- _Provided data_:
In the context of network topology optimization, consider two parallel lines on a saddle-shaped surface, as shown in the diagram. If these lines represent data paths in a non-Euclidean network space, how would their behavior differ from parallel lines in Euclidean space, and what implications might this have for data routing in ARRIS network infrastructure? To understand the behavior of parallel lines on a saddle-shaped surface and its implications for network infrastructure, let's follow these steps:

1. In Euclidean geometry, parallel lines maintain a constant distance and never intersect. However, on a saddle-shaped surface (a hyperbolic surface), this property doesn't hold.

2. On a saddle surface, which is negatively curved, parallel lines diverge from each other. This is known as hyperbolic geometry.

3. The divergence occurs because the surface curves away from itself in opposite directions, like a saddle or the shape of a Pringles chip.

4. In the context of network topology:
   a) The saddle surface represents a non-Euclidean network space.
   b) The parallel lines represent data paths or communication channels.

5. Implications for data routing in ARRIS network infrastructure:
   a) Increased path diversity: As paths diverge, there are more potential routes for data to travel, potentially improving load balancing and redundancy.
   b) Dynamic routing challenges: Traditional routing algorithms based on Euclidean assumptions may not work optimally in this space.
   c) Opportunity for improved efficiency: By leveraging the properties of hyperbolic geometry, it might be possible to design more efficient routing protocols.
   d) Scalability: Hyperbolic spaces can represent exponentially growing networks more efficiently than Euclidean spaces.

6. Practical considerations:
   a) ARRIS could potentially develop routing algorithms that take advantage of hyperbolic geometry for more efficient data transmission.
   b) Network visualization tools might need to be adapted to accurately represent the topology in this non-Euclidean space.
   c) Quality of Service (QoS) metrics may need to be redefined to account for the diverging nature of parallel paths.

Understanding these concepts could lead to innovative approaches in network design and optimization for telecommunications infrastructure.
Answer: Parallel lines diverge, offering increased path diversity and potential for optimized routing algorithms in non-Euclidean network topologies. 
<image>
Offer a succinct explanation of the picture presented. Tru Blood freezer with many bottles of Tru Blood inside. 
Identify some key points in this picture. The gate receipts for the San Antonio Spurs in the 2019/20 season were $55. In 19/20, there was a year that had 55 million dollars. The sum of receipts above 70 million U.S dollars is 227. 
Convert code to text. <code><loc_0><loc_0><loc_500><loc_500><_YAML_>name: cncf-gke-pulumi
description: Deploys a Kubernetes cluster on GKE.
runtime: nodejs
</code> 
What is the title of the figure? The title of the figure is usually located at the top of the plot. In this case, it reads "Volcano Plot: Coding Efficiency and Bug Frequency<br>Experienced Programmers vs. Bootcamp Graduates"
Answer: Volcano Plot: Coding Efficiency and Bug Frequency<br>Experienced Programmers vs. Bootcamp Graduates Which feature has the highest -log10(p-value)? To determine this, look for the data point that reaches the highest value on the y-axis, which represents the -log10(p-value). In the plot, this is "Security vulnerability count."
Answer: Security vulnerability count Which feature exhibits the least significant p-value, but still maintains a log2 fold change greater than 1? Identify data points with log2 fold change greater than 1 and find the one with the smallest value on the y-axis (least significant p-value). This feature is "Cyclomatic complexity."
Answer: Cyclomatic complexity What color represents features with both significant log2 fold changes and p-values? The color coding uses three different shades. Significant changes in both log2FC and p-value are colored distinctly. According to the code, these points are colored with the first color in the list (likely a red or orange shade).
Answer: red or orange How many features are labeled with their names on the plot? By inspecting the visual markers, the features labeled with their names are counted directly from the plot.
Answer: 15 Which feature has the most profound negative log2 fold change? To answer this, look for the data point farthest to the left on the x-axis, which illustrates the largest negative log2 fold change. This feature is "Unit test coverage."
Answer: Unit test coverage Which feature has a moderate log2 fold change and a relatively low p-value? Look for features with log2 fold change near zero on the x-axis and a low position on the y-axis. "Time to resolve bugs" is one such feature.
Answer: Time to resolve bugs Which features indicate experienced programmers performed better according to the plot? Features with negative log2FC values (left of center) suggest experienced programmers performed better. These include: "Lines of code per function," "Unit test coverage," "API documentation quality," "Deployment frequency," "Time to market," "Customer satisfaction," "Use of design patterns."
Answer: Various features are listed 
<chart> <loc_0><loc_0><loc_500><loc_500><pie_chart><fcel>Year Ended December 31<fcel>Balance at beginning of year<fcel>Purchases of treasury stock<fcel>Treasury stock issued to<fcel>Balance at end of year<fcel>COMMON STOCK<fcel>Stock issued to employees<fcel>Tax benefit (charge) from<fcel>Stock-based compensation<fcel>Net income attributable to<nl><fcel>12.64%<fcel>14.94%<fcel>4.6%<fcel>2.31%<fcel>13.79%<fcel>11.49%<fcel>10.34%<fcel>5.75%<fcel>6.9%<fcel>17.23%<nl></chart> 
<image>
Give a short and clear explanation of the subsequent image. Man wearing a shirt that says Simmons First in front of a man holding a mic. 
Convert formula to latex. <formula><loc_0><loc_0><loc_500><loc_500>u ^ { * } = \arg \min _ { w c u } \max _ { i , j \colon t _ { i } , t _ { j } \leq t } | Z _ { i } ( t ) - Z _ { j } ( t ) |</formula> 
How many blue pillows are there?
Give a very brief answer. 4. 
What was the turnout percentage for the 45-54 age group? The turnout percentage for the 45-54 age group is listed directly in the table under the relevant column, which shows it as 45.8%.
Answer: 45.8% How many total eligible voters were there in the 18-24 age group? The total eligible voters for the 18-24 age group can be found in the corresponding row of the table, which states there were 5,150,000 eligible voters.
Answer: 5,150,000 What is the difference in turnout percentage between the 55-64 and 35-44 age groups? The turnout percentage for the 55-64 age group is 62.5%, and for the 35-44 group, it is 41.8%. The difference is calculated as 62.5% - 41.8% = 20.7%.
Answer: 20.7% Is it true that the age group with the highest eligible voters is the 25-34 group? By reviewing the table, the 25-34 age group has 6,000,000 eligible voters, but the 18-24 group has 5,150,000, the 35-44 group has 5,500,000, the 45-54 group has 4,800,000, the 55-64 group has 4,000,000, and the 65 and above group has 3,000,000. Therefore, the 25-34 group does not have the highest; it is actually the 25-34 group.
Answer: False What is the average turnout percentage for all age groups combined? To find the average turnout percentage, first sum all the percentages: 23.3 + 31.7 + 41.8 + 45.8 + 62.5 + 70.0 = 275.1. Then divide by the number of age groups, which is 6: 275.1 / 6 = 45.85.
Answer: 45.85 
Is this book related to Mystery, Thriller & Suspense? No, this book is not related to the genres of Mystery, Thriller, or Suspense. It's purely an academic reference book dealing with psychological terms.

- _Problem details_:
Output each line of the data exactly as it stands above.

- _Solution to the problem_:
In the context of network topology optimization, consider two parallel lines on a saddle-shaped surface, as shown in the diagram. If these lines represent data paths in a non-Euclidean network space, how would their behavior differ from parallel lines in Euclidean space, and what implications might this have for data routing in ARRIS network infrastructure? To understand the behavior of parallel lines on a saddle-shaped surface and its implications for network infrastructure, let's follow these steps:

1. In Euclidean geometry, parallel lines maintain a constant distance and never intersect. However, on a saddle-shaped surface (a hyperbolic surface), this property doesn't hold.

2. On a saddle surface, which is negatively curved, parallel lines diverge from each other. This is known as hyperbolic geometry.

3. The divergence occurs because the surface curves away from itself in opposite directions, like a saddle or the shape of a Pringles chip.

4. In the context of network topology:
   a) The saddle surface represents a non-Euclidean network space.
   b) The parallel lines represent data paths or communication channels.

5. Implications for data routing in ARRIS network infrastructure:
   a) Increased path diversity: As paths diverge, there are more potential routes for data to travel, potentially improving load balancing and redundancy.
   b) Dynamic routing challenges: Traditional routing algorithms based on Euclidean assumptions may not work optimally in this space.
   c) Opportunity for improved efficiency: By leveraging the properties of hyperbolic geometry, it might be possible to design more efficient routing protocols.
   d) Scalability: Hyperbolic spaces can represent exponentially growing networks more efficiently than Euclidean spaces.

6. Practical considerations:
   a) ARRIS could potentially develop routing algorithms that take advantage of hyperbolic geometry for more efficient data transmission.
   b) Network visualization tools might need to be adapted to accurately represent the topology in this non-Euclidean space.
   c) Quality of Service (QoS) metrics may need to be redefined to account for the diverging nature of parallel paths.

Understanding these concepts could lead to innovative approaches in network design and optimization for telecommunications infrastructure.
Answer: Parallel lines diverge, offering increased path diversity and potential for optimized routing algorithms in non-Euclidean network topologies. 
<image>
Offer a succinct explanation of the picture presented. Tru Blood freezer with many bottles of Tru Blood inside. 
Identify some key points in this picture. The gate receipts for the San Antonio Spurs in the 2019/20 season were $55. In 19/20, there was a year that had 55 million dollars. The sum of receipts above 70 million U.S dollars is 227. 
Convert code to text. <code><loc_0><loc_0><loc_500><loc_500><_YAML_>name: cncf-gke-pulumi
description: Deploys a Kubernetes cluster on GKE.
runtime: nodejs
</code> 
What is the title of the figure? The title of the figure is usually located at the top of the plot. In this case, it reads "Volcano Plot: Coding Efficiency and Bug Frequency<br>Experienced Programmers vs. Bootcamp Graduates"
Answer: Volcano Plot: Coding Efficiency and Bug Frequency<br>Experienced Programmers vs. Bootcamp Graduates Which feature has the highest -log10(p-value)? To determine this, look for the data point that reaches the highest value on the y-axis, which represents the -log10(p-value). In the plot, this is "Security vulnerability count."
Answer: Security vulnerability count Which feature exhibits the least significant p-value, but still maintains a log2 fold change greater than 1? Identify data points with log2 fold change greater than 1 and find the one with the smallest value on the y-axis (least significant p-value). This feature is "Cyclomatic complexity."
Answer: Cyclomatic complexity What color represents features with both significant log2 fold changes and p-values? The color coding uses three different shades. Significant changes in both log2FC and p-value are colored distinctly. According to the code, these points are colored with the first color in the list (likely a red or orange shade).
Answer: red or orange How many features are labeled with their names on the plot? By inspecting the visual markers, the features labeled with their names are counted directly from the plot.
Answer: 15 Which feature has the most profound negative log2 fold change? To answer this, look for the data point farthest to the left on the x-axis, which illustrates the largest negative log2 fold change. This feature is "Unit test coverage."
Answer: Unit test coverage Which feature has a moderate log2 fold change and a relatively low p-value? Look for features with log2 fold change near zero on the x-axis and a low position on the y-axis. "Time to resolve bugs" is one such feature.
Answer: Time to resolve bugs Which features indicate experienced programmers performed better according to the plot? Features with negative log2FC values (left of center) suggest experienced programmers performed better. These include: "Lines of code per function," "Unit test coverage," "API documentation quality," "Deployment frequency," "Time to market," "Customer satisfaction," "Use of design patterns."
Answer: Various features are listed 
<chart> <loc_0><loc_0><loc_500><loc_500><pie_chart><fcel>Year Ended December 31<fcel>Balance at beginning of year<fcel>Purchases of treasury stock<fcel>Treasury stock issued to<fcel>Balance at end of year<fcel>COMMON STOCK<fcel>Stock issued to employees<fcel>Tax benefit (charge) from<fcel>Stock-based compensation<fcel>Net income attributable to<nl><fcel>12.64%<fcel>14.94%<fcel>4.6%<fcel>2.31%<fcel>13.79%<fcel>11.49%<fcel>10.34%<fcel>5.75%<fcel>6.9%<fcel>17.23%<nl></chart> 
<image>
Give a short and clear explanation of the subsequent image. Man wearing a shirt that says Simmons First in front of a man holding a mic. 
Convert formula to latex. <formula><loc_0><loc_0><loc_500><loc_500>u ^ { * } = \arg \min _ { w c u } \max _ { i , j \colon t _ { i } , t _ { j } \leq t } | Z _ { i } ( t ) - Z _ { j } ( t ) |</formula> 
How many blue pillows are there?
Give a very brief answer. 4. 
What was the turnout percentage for the 45-54 age group? The turnout percentage for the 45-54 age group is listed directly in the table under the relevant column, which shows it as 45.8%.
Answer: 45.8% How many total eligible voters were there in the 18-24 age group? The total eligible voters for the 18-24 age group can be found in the corresponding row of the table, which states there were 5,150,000 eligible voters.
Answer: 5,150,000 What is the difference in turnout percentage between the 55-64 and 35-44 age groups? The turnout percentage for the 55-64 age group is 62.5%, and for the 35-44 group, it is 41.8%. The difference is calculated as 62.5% - 41.8% = 20.7%.
Answer: 20.7% Is it true that the age group with the highest eligible voters is the 25-34 group? By reviewing the table, the 25-34 age group has 6,000,000 eligible voters, but the 18-24 group has 5,150,000, the 35-44 group has 5,500,000, the 45-54 group has 4,800,000, the 55-64 group has 4,000,000, and the 65 and above group has 3,000,000. Therefore, the 25-34 group does not have the highest; it is actually the 25-34 group.
Answer: False What is the average turnout percentage for all age groups combined? To find the average turnout percentage, first sum all the percentages: 23.3 + 31.7 + 41.8 + 45.8 + 62.5 + 70.0 = 275.1. Then divide by the number of age groups, which is 6: 275.1 / 6 = 45.85.
Answer: 45.85 
Is this book related to Mystery, Thriller & Suspense? No, this book is not related to the genres of Mystery, Thriller, or Suspense. It's purely an academic reference book dealing with psychological terms.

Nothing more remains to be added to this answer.